### Given records

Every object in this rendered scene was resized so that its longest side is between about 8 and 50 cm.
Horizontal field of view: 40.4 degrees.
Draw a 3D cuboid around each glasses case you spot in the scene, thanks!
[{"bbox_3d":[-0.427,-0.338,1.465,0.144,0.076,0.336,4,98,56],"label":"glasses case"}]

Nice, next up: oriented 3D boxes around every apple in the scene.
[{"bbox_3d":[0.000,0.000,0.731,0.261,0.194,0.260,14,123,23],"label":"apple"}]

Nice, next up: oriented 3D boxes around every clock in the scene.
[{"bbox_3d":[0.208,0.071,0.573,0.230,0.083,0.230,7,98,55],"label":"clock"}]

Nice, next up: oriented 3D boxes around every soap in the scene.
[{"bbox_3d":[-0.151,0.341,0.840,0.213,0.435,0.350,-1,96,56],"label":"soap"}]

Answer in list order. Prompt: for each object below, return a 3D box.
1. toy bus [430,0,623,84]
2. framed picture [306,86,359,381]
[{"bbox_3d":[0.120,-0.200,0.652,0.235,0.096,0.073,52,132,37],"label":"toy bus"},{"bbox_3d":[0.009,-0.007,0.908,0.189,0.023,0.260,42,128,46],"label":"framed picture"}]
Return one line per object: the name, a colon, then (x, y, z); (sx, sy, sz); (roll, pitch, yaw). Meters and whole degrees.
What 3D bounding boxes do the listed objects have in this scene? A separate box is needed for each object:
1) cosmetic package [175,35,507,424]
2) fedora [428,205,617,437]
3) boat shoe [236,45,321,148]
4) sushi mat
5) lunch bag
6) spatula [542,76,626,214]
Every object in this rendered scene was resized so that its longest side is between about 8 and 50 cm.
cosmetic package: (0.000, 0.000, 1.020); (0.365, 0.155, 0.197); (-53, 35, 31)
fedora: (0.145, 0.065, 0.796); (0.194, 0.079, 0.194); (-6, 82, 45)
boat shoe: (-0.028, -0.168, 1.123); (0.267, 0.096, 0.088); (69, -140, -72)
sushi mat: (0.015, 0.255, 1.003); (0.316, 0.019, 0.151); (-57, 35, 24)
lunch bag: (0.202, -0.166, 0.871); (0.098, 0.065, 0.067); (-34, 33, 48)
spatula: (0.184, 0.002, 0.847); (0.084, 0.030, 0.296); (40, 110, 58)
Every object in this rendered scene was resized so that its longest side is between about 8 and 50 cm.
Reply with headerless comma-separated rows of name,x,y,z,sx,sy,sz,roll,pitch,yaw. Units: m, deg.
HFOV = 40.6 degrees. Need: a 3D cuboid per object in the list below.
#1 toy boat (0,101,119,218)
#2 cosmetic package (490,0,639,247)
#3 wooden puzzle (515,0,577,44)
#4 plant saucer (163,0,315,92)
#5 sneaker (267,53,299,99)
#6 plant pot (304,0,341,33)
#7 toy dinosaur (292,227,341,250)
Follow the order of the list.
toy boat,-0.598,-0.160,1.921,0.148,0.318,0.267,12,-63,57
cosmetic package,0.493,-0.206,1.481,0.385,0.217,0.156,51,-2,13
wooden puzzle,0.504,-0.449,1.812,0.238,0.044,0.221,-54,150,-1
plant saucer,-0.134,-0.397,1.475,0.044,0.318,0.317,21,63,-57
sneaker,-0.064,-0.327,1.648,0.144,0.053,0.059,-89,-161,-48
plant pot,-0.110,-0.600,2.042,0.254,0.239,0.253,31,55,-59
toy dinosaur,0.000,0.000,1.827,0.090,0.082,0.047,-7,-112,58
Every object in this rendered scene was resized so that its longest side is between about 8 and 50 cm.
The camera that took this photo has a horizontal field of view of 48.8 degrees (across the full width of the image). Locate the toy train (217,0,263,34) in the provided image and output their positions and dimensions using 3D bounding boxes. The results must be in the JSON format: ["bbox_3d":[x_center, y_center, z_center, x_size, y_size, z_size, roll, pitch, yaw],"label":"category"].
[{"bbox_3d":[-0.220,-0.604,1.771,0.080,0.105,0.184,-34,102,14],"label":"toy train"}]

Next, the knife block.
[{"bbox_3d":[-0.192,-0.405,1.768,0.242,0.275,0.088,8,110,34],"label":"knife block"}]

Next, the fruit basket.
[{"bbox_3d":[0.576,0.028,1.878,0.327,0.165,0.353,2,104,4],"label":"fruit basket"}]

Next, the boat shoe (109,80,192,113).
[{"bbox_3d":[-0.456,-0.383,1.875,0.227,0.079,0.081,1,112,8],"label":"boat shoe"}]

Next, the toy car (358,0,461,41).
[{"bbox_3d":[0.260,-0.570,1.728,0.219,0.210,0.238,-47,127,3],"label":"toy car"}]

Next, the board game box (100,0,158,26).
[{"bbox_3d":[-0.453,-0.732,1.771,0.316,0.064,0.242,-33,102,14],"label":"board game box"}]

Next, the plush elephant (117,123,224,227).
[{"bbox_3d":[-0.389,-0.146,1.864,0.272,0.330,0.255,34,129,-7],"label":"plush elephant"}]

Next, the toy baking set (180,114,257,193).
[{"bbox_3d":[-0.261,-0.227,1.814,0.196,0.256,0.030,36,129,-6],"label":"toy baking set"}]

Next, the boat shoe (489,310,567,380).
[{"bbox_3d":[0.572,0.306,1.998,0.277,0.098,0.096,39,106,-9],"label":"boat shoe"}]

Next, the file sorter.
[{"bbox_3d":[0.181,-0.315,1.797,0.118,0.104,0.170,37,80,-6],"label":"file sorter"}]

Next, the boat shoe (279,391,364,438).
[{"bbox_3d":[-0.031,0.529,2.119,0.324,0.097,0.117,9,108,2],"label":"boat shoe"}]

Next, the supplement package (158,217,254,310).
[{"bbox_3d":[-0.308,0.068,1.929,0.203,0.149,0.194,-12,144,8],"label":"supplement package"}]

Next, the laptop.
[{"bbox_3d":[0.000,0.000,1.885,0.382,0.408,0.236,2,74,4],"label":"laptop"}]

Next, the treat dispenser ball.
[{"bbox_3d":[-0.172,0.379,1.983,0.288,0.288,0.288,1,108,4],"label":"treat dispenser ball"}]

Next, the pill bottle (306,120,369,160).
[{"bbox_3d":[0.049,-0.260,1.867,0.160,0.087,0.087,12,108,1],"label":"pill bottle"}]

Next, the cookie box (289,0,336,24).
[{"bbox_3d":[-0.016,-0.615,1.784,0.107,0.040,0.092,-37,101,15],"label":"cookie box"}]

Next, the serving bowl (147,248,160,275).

######

* **Problem**: Scan the entries above for the string "name" and copy each line that contains it.

* **Response to this exercise**:
Return one line per object: the name, a colon, then (x, y, z); (sx, sy, sz); (roll, pitch, yaw). Meters and whole degrees.
Reply with headerless comma-separated rows of name,x,y,z,sx,sy,sz,roll,pitch,yaw. Units: m, deg.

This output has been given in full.